PROBLEM REQUIREMENTS - Exclude the pictures, then copy all remaining records exactly.

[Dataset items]
──────
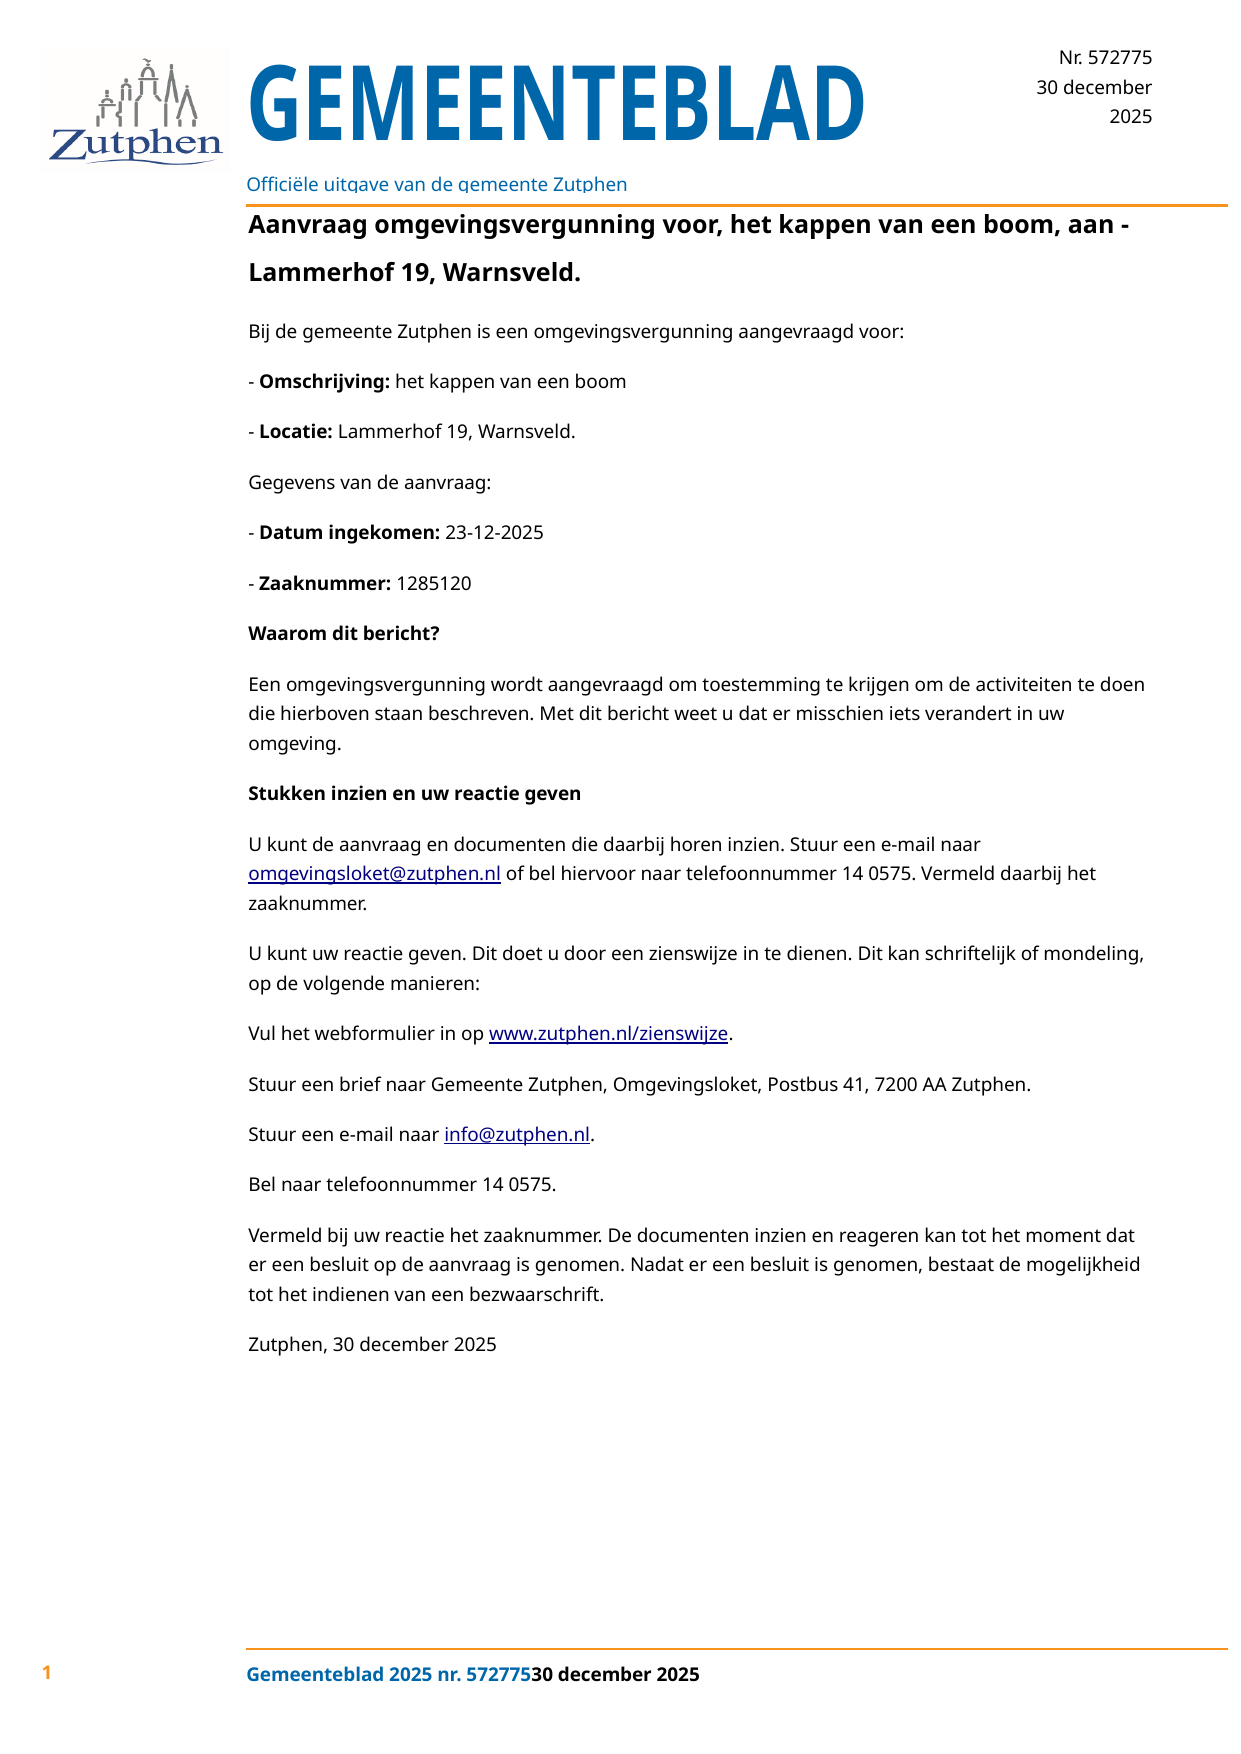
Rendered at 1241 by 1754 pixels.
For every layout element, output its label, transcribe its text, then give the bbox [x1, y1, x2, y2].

text U kunt de aanvraag en documenten die daarbij horen inzien. Stuur een e-mail naar omgevingsloket@zutphen.nl of bel hiervoor naar telefoonnummer 14 0575. Vermeld daarbij het zaaknummer. [248, 831, 1152, 916]
text Vermeld bij uw reactie het zaaknummer. De documenten inzien en reageren kan tot het moment dat er een besluit op de aanvraag is genomen. Nadat er een besluit is genomen, bestaat de mogelijkheid tot het indienen van een bezwaarschrift. [248, 1222, 1152, 1307]
text Waarom dit bericht? [248, 620, 1152, 646]
text - Locatie: Lammerhof 19, Warnsveld. [248, 419, 1152, 444]
text Zutphen, 30 december 2025 [248, 1332, 1152, 1357]
text - Omschrijving: het kappen van een boom [248, 368, 1152, 394]
text Bel naar telefoonnummer 14 0575. [248, 1172, 1152, 1197]
text Gegevens van de aanvraag: [248, 469, 1152, 495]
text Aanvraag omgevingsvergunning voor, het kappen van een boom, aan -Lammerhof 19, Warnsveld. [248, 207, 1152, 288]
text Stuur een e-mail naar info@zutphen.nl. [248, 1121, 1152, 1147]
text Stukken inzien en uw reactie geven [248, 780, 1152, 806]
text Bij de gemeente Zutphen is een omgevingsvergunning aangevraagd voor: [248, 318, 1152, 344]
text Vul het webformulier in op www.zutphen.nl/zienswijze. [248, 1020, 1152, 1046]
text Een omgevingsvergunning wordt aangevraagd om toestemming te krijgen om de activiteiten te doen die hierboven staan beschreven. Met dit bericht weet u dat er misschien iets verandert in uw omgeving. [248, 671, 1152, 756]
picture [41, 47, 231, 172]
text Stuur een brief naar Gemeente Zutphen, Omgevingsloket, Postbus 41, 7200 AA Zutphen. [248, 1071, 1152, 1097]
text U kunt uw reactie geven. Dit doet u door een zienswijze in te dienen. Dit kan schriftelijk of mondeling, op de volgende manieren: [248, 940, 1152, 996]
text - Datum ingekomen: 23-12-2025 [248, 519, 1152, 545]
text - Zaaknummer: 1285120 [248, 570, 1152, 596]
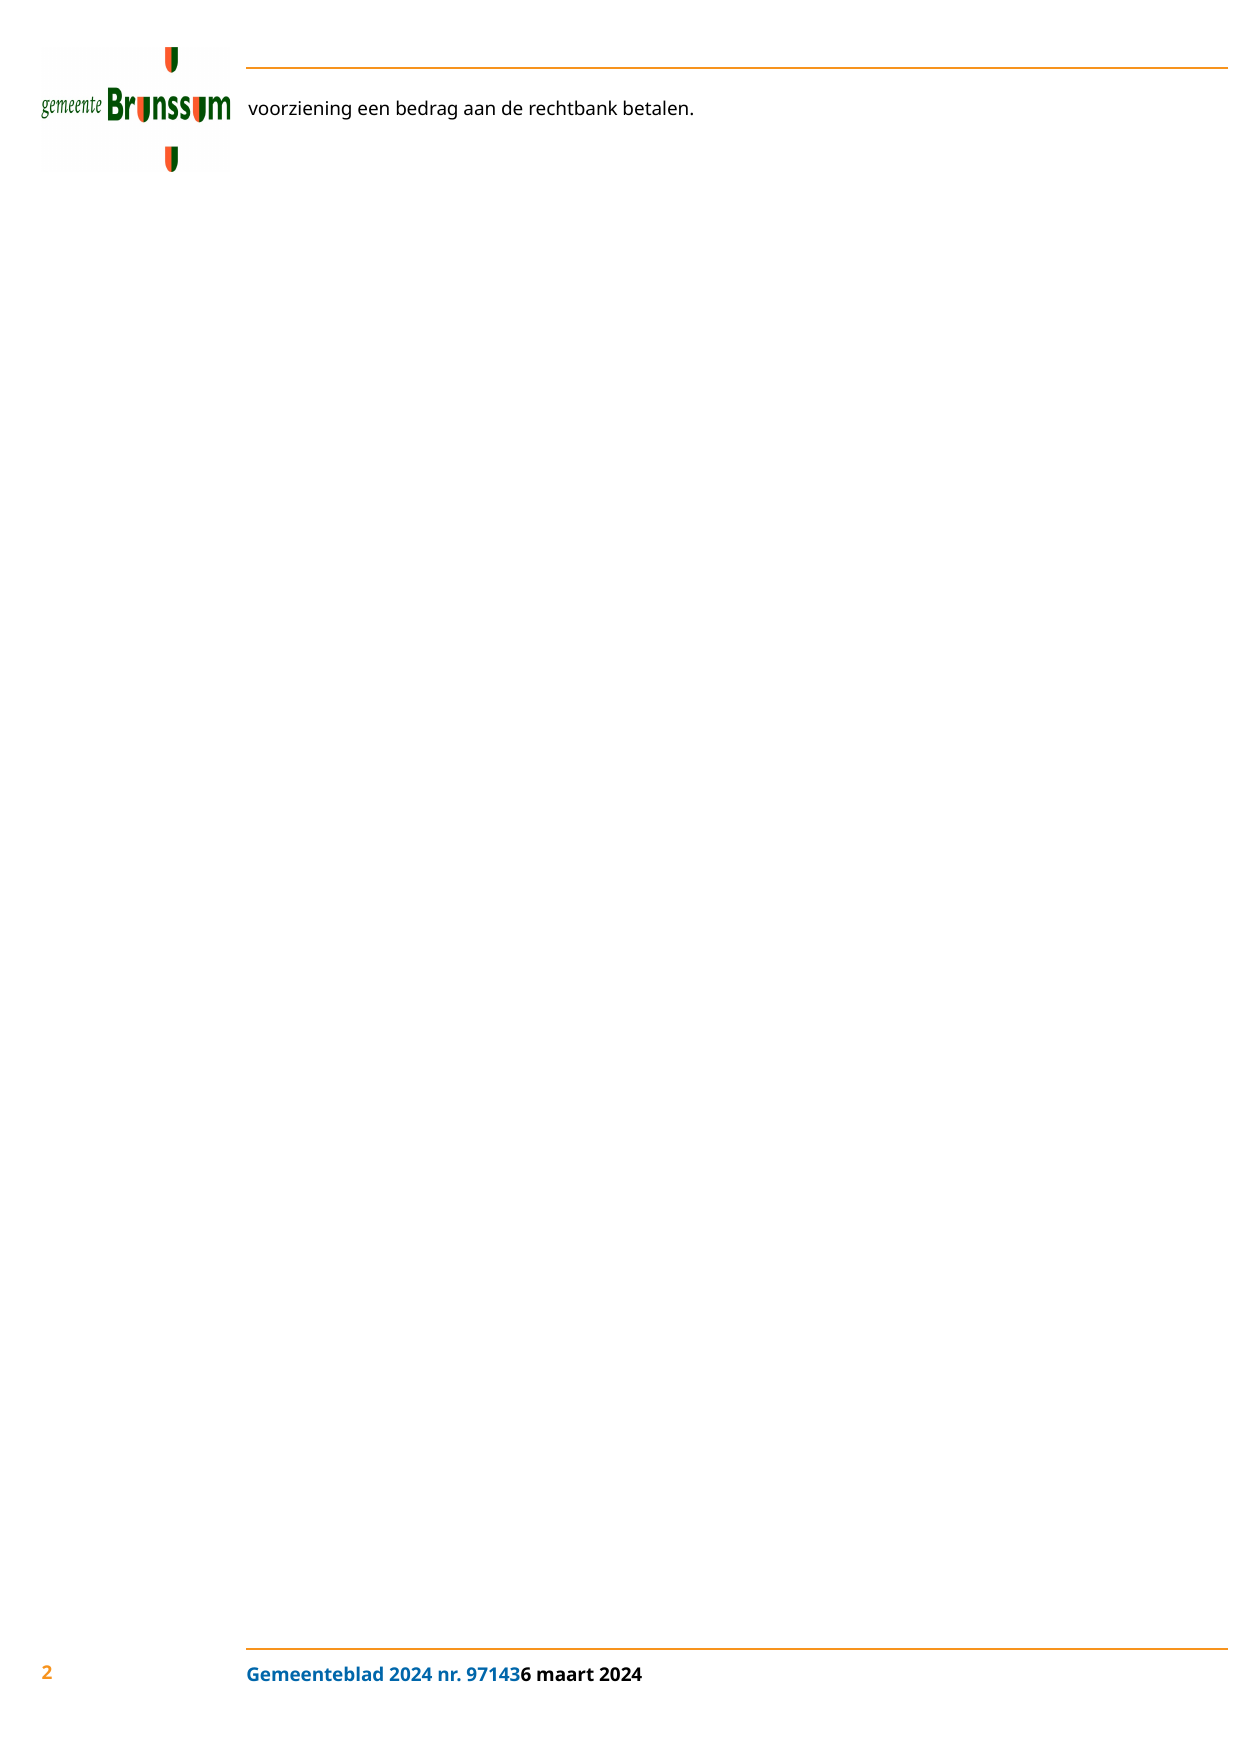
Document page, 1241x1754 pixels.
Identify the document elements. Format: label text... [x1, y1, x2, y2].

picture [41, 47, 231, 172]
text voorziening een bedrag aan de rechtbank betalen. [248, 95, 1152, 121]
──────
ANSWER FOR THIS EXERCISE -
Rendered at 1241 by 1754 pixels.
For every layout element, output its label, transcribe its text, then give the bbox [x1, y1, x2, y2].

text U kunt de aanvraag en documenten die daarbij horen inzien. Stuur een e-mail naar omgevingsloket@zutphen.nl of bel hiervoor naar telefoonnummer 14 0575. Vermeld daarbij het zaaknummer. [248, 831, 1152, 916]
text Vermeld bij uw reactie het zaaknummer. De documenten inzien en reageren kan tot het moment dat er een besluit op de aanvraag is genomen. Nadat er een besluit is genomen, bestaat de mogelijkheid tot het indienen van een bezwaarschrift. [248, 1222, 1152, 1307]
text Waarom dit bericht? [248, 620, 1152, 646]
text - Locatie: Lammerhof 19, Warnsveld. [248, 419, 1152, 444]
text Zutphen, 30 december 2025 [248, 1332, 1152, 1357]
text - Omschrijving: het kappen van een boom [248, 368, 1152, 394]
text Bel naar telefoonnummer 14 0575. [248, 1172, 1152, 1197]
text Gegevens van de aanvraag: [248, 469, 1152, 495]
text Aanvraag omgevingsvergunning voor, het kappen van een boom, aan -Lammerhof 19, Warnsveld. [248, 207, 1152, 288]
text Stuur een e-mail naar info@zutphen.nl. [248, 1121, 1152, 1147]
text Stukken inzien en uw reactie geven [248, 780, 1152, 806]
text Bij de gemeente Zutphen is een omgevingsvergunning aangevraagd voor: [248, 318, 1152, 344]
text Vul het webformulier in op www.zutphen.nl/zienswijze. [248, 1020, 1152, 1046]
text Een omgevingsvergunning wordt aangevraagd om toestemming te krijgen om de activiteiten te doen die hierboven staan beschreven. Met dit bericht weet u dat er misschien iets verandert in uw omgeving. [248, 671, 1152, 756]
picture [41, 47, 231, 172]
text Stuur een brief naar Gemeente Zutphen, Omgevingsloket, Postbus 41, 7200 AA Zutphen. [248, 1071, 1152, 1097]
text U kunt uw reactie geven. Dit doet u door een zienswijze in te dienen. Dit kan schriftelijk of mondeling, op de volgende manieren: [248, 940, 1152, 996]
text - Datum ingekomen: 23-12-2025 [248, 519, 1152, 545]
text - Zaaknummer: 1285120 [248, 570, 1152, 596]
Document page, 1241x1754 pixels.
Identify the document elements. Format: label text... [x1, y1, x2, y2].

picture [41, 47, 231, 172]
text voorziening een bedrag aan de rechtbank betalen. [248, 95, 1152, 121]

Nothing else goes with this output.